### Work order
Could you repeat the records below exactly as written?

───

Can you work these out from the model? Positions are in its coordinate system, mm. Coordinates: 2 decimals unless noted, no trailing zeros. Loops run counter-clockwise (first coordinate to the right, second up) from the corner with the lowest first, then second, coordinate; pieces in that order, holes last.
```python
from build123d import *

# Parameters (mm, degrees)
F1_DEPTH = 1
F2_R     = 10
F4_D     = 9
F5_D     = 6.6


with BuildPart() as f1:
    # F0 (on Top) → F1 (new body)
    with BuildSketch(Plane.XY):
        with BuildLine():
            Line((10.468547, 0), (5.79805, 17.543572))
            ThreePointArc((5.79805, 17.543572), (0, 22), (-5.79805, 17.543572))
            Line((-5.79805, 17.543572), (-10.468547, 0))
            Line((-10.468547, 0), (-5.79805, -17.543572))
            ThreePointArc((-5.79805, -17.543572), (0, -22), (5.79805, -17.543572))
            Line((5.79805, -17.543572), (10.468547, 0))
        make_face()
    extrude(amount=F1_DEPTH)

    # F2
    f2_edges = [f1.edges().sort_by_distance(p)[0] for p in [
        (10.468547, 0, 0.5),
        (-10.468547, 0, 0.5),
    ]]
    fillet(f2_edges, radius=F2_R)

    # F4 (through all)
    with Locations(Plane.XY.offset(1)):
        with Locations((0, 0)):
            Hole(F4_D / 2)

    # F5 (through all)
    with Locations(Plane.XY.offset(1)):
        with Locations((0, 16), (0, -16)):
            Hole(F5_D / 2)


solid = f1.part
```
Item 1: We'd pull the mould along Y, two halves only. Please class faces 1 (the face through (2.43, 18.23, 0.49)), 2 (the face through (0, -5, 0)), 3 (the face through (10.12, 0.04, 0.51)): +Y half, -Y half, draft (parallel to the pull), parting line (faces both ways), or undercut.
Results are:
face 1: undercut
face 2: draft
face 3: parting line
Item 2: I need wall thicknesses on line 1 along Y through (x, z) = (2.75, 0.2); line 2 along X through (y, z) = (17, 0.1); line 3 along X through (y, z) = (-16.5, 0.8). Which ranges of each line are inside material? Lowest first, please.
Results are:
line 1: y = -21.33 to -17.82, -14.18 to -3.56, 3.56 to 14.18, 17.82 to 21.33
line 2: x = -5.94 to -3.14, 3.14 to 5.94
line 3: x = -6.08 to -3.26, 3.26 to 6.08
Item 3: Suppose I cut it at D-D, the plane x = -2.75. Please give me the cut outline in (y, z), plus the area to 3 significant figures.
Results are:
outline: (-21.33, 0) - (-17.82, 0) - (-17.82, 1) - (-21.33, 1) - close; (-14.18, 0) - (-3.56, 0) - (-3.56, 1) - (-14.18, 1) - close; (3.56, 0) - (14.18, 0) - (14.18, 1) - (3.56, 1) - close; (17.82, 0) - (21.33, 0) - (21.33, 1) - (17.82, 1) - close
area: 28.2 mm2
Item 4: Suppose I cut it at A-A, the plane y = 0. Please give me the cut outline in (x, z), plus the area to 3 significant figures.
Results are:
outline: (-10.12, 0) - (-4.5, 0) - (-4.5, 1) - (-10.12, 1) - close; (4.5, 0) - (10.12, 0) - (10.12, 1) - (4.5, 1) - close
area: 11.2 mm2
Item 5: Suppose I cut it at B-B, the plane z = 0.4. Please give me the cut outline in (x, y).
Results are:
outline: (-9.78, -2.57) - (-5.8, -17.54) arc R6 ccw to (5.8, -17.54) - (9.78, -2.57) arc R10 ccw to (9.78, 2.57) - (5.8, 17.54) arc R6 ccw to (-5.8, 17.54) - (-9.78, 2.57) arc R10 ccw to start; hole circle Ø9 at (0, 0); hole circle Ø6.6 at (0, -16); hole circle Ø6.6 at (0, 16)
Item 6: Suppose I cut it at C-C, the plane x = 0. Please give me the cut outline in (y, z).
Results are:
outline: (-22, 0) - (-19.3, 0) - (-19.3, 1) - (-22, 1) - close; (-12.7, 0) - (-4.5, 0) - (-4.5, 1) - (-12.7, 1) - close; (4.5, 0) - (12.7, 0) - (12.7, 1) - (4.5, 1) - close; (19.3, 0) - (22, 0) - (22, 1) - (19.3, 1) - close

───

### Exercise output
Can you work these out from the model? Positions are in its coordinate system, mm. Coordinates: 2 decimals unless noted, no trailing zeros. Loops run counter-clockwise (first coordinate to the right, second up) from the corner with the lowest first, then second, coordinate; pieces in that order, holes last.
```python
from build123d import *

# Parameters (mm, degrees)
F1_DEPTH = 1
F2_R     = 10
F4_D     = 9
F5_D     = 6.6


with BuildPart() as f1:
    # F0 (on Top) → F1 (new body)
    with BuildSketch(Plane.XY):
        with BuildLine():
            Line((10.468547, 0), (5.79805, 17.543572))
            ThreePointArc((5.79805, 17.543572), (0, 22), (-5.79805, 17.543572))
            Line((-5.79805, 17.543572), (-10.468547, 0))
            Line((-10.468547, 0), (-5.79805, -17.543572))
            ThreePointArc((-5.79805, -17.543572), (0, -22), (5.79805, -17.543572))
            Line((5.79805, -17.543572), (10.468547, 0))
        make_face()
    extrude(amount=F1_DEPTH)

    # F2
    f2_edges = [f1.edges().sort_by_distance(p)[0] for p in [
        (10.468547, 0, 0.5),
        (-10.468547, 0, 0.5),
    ]]
    fillet(f2_edges, radius=F2_R)

    # F4 (through all)
    with Locations(Plane.XY.offset(1)):
        with Locations((0, 0)):
            Hole(F4_D / 2)

    # F5 (through all)
    with Locations(Plane.XY.offset(1)):
        with Locations((0, 16), (0, -16)):
            Hole(F5_D / 2)


solid = f1.part
```
Item 1: We'd pull the mould along Y, two halves only. Please class faces 1 (the face through (2.43, 18.23, 0.49)), 2 (the face through (0, -5, 0)), 3 (the face through (10.12, 0.04, 0.51)): +Y half, -Y half, draft (parallel to the pull), parting line (faces both ways), or undercut.
Results are:
face 1: undercut
face 2: draft
face 3: parting line
Item 2: I need wall thicknesses on line 1 along Y through (x, z) = (2.75, 0.2); line 2 along X through (y, z) = (17, 0.1); line 3 along X through (y, z) = (-16.5, 0.8). Which ranges of each line are inside material? Lowest first, please.
Results are:
line 1: y = -21.33 to -17.82, -14.18 to -3.56, 3.56 to 14.18, 17.82 to 21.33
line 2: x = -5.94 to -3.14, 3.14 to 5.94
line 3: x = -6.08 to -3.26, 3.26 to 6.08
Item 3: Suppose I cut it at D-D, the plane x = -2.75. Please give me the cut outline in (y, z), plus the area to 3 significant figures.
Results are:
outline: (-21.33, 0) - (-17.82, 0) - (-17.82, 1) - (-21.33, 1) - close; (-14.18, 0) - (-3.56, 0) - (-3.56, 1) - (-14.18, 1) - close; (3.56, 0) - (14.18, 0) - (14.18, 1) - (3.56, 1) - close; (17.82, 0) - (21.33, 0) - (21.33, 1) - (17.82, 1) - close
area: 28.2 mm2
Item 4: Suppose I cut it at A-A, the plane y = 0. Please give me the cut outline in (x, z), plus the area to 3 significant figures.
Results are:
outline: (-10.12, 0) - (-4.5, 0) - (-4.5, 1) - (-10.12, 1) - close; (4.5, 0) - (10.12, 0) - (10.12, 1) - (4.5, 1) - close
area: 11.2 mm2
Item 5: Suppose I cut it at B-B, the plane z = 0.4. Please give me the cut outline in (x, y).
Results are:
outline: (-9.78, -2.57) - (-5.8, -17.54) arc R6 ccw to (5.8, -17.54) - (9.78, -2.57) arc R10 ccw to (9.78, 2.57) - (5.8, 17.54) arc R6 ccw to (-5.8, 17.54) - (-9.78, 2.57) arc R10 ccw to start; hole circle Ø9 at (0, 0); hole circle Ø6.6 at (0, -16); hole circle Ø6.6 at (0, 16)
Item 6: Suppose I cut it at C-C, the plane x = 0. Please give me the cut outline in (y, z).
Results are:
outline: (-22, 0) - (-19.3, 0) - (-19.3, 1) - (-22, 1) - close; (-12.7, 0) - (-4.5, 0) - (-4.5, 1) - (-12.7, 1) - close; (4.5, 0) - (12.7, 0) - (12.7, 1) - (4.5, 1) - close; (19.3, 0) - (22, 0) - (22, 1) - (19.3, 1) - close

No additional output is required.